# HELP!!! Stretching Western Boots?



## mrsholsonbake

My husband swears water works. It shouldn't ruin them.


----------



## Cowgirl140ty

If I have an uncomfortable pair thats what I do... wet them down real well... then wear them till they dry. Hasnt ruined a pair yet.


----------



## charlicata

Thanks!!!! The farrier is coming today, so I'll stop by the house and change boots on my way. As hot as it is here, they should be dry by the time I get done feeding this evening. I really appreciate the help!!!!


----------



## Cowgirl140ty

No problem =)


----------



## iridehorses

Soak them real well with very warm water - inside and outside (putting them in the bathtub for about 15 min. will do it. 

Always worked for me and never ruined a pair of boots.


----------



## Tennessee

I just go stand in the horse's water trough with them on for about ten minutes, and that usually stretches them out.

Of course, then I have to clean the trough. lol.


----------



## smrobs

The only what that it would ruin them is if they were a pair of those really girly type designer boots but I don't think those are. I also do the tub soaking thing. Leave them in warm water for a while and then wear them until they dry. After they are dry, I always oil them too. That keeps the leather from cracking.


----------



## charlicata

Didn't get to do it today...farrier was ahead of schedule and didn't have time to stop by the house. I'll let them start soaking in the morning when I get up. Then wear them to work, they should be ready to oil up by the time I get home. 

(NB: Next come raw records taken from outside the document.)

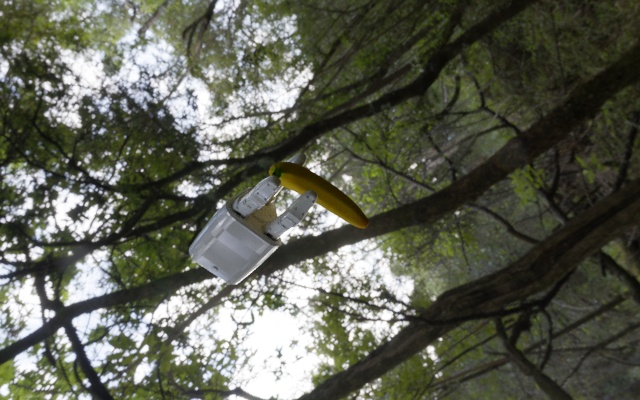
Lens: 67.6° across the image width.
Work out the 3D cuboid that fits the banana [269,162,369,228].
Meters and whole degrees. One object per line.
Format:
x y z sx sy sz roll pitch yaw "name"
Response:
-0.007 -0.011 0.695 0.198 0.069 0.037 26 -62 -39 "banana"
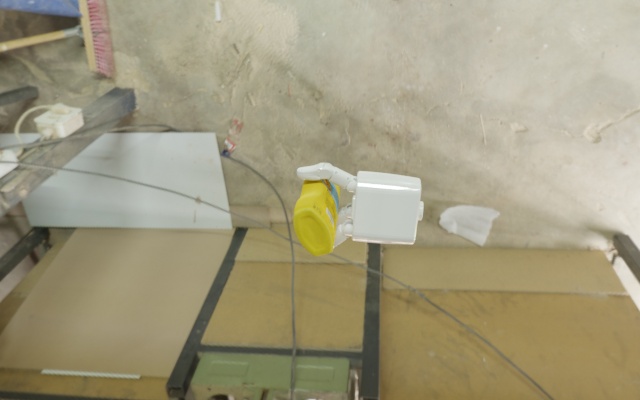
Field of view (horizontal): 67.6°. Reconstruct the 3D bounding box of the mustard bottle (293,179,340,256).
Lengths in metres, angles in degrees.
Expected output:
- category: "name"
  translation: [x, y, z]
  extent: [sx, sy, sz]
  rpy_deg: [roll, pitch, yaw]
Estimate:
- category: "mustard bottle"
  translation: [0.000, 0.003, 0.826]
  extent: [0.058, 0.096, 0.191]
  rpy_deg: [-16, 28, 17]
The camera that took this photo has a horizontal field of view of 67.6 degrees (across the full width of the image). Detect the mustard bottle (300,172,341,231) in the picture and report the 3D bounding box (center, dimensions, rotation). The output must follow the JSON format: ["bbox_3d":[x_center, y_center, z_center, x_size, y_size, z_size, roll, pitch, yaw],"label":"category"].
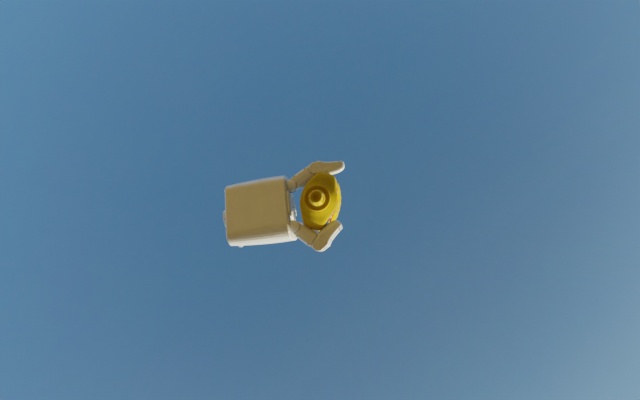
[{"bbox_3d":[0.000,0.003,0.802,0.058,0.096,0.191,17,-3,6],"label":"mustard bottle"}]

Smrobs...girly designer boots?...for me? Even my hubby laughed at that one. This is my first pair of the pull on boots though. Normally I get the lace-ups. But if I can't work around the barn in 'em, and I have to worry about 'em getting scuffed all the time, I don't want 'em. I spend as much time working around at the barn as I do at work. My last pair was a pair of the Ariat Canyon lace-ups. They lasted me all of 2 months before the tread on the bottom wore out. I guess if these wear out so quick, I'll go to another brand. At least the Justins lasted me a little over a year. Besides, if I spent that much on a pair of boots, I'd probably end up going to the ER to have said boots removed from "you know where". That is if dh found out how much they were...lol. He had a cow when he found out that I had paid $160 for the Justins.

Thank you all for replying! I'll be doing the warm water thing in the morning.


----------



## corinowalk

The nice thing about justins, and it may be true for ariats, the soles wear out before the boot does. I had one pair of justins last me 4 years of hard riding...granted I had to have the soles replaced every year but dang those boots were nice. I have the ariat lace ups now and though they are comfy, I dont know about the durability. The sole is already wearing thin...Ill have to ask my shoe guy if he can replace the soles on these the way he did with my justins!


----------



## charlicata

Ok...my feet are soaked right now. I've been at work for almost 2 hours. The good news is that they're not hurting right now, and my feet are the only cool body part I have right now...air conditioner in the office not working :0(. Along with a mental note...these boots are in NO way, shape, or form waterproof...lol. 

I wish it was just the sole that had worn out on my Justins. They were only about half worn out. They had a hole where the toe kind of bends up when I walk. Even keeping them oiled, there's no way to guard against holes when a horse with borum on their shoes steps on the side of your foot. Way back, I had a pair of two-tone lace ups. They lasted me close to 10 years. Of course, like you, I had them re-soled a few times. That was when I was in SC and then back home where I could find somebody to work on leather shoes. What I wouldn't give to have those things back.


----------



## smrobs

Wow, I have had my pair of Ariats for about 3 years now and there is hardly a sign of wear on the tread (though they are the rubberized treads) while the top of the foot is wearing completely out. Too many times of wading through mud and muck and water LOL.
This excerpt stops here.